White Noise is a book of very personal and disciplined poems. In a sense it could be considered autobiographical — the poet setting out his emotions for us in an orderly manner upon the dissecting table. His world view is pessimistic. There can be no happiness for him in personal relationships, only “the killing of souls / and brief resuscitations.” He is alienated from himself and society and unable to escape the loneliness resulting from this. He seems to consider himself somewhat of a romantic hero, “... bedevilled / on the level road, / searching to please / and pleasing no one.” Very occasionally, he is able to look outside of himself, and to consider such broader issues as death, cyclical growth, and change.
Somehow we don’t seem to care all that much. There are a number of good lines, but they are interspersed with writing that is banal and trite. “Red dawns” and “cold suns” are not original. Although the writing is contained, some of the imagery is needlessly dramatic and contributes nothing to the intensity of the poet’s statement. For example, “you have given me the women, / taught me how to love / they come to me in dreams /of famine and disease / their stained faces covet / my dignity”; and “no snow has fallen / in late november / and the agitated women / hover about their children / marring their impatience with fear.” Out of context, these lines seem to be highly expressive; in context, however, they are too heavy to support the simple statement of the poet.
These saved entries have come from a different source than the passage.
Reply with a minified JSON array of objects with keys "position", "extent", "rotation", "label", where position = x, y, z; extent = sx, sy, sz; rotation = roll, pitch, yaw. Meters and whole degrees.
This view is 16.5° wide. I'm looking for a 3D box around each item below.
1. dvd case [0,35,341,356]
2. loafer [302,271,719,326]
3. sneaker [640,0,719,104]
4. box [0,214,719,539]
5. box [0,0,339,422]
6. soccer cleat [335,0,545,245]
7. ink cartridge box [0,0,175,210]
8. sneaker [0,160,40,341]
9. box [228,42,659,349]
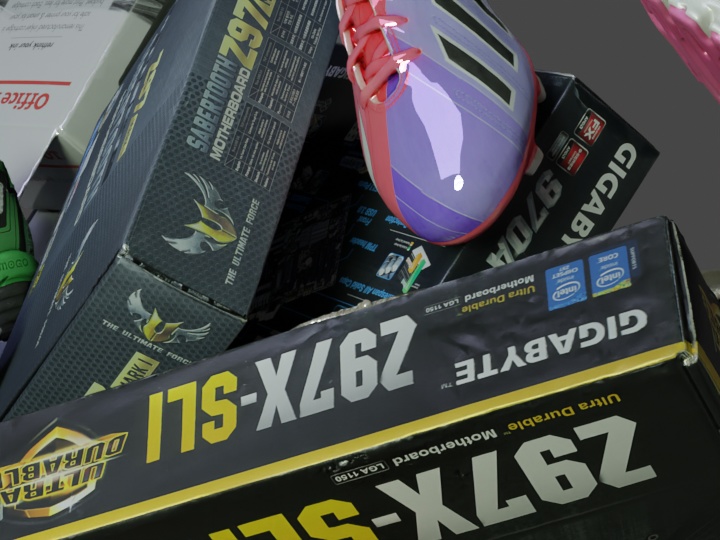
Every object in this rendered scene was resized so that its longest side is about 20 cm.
[{"position":[-0.093,-0.031,1.067],"extent":[0.142,0.018,0.201],"rotation":[15,70,54],"label":"dvd case"},{"position":[0.047,0.030,0.720],"extent":[0.199,0.070,0.076],"rotation":[-12,74,17],"label":"loafer"},{"position":[0.163,-0.081,0.765],"extent":[0.088,0.074,0.200],"rotation":[-50,34,-7],"label":"sneaker"},{"position":[0.018,0.077,0.658],"extent":[0.199,0.160,0.050],"rotation":[-17,45,17],"label":"box"},{"position":[-0.069,-0.022,0.866],"extent":[0.158,0.051,0.201],"rotation":[-49,19,45],"label":"box"},{"position":[0.011,-0.095,0.814],"extent":[0.067,0.076,0.201],"rotation":[-32,44,30],"label":"soccer cleat"},{"position":[-0.109,-0.090,1.065],"extent":[0.116,0.068,0.201],"rotation":[5,61,52],"label":"ink cartridge box"},{"position":[-0.190,-0.008,0.996],"extent":[0.199,0.078,0.086],"rotation":[-8,91,47],"label":"sneaker"},{"position":[0.000,0.000,0.879],"extent":[0.160,0.046,0.200],"rotation":[-57,26,-8],"label":"box"}]

When Raddysh is not trying quietly to display his virtuosity, he does have something to say and can say it rather well. One of the best poems is “When I Am With You”:
“they say women who drink scotch
are easy, but you
are difficult, wanting to know
casually, what I desire
why should this simple
word from you
prevent a lie?
I desire to be left alone,
the items fabling away
less real than my loneliness
and I desire to be with you
though my words are stifled,
pauses impolite
as an open mouth,
urgent as departure”
Here, all the starkness and intensity of his pain is summed up.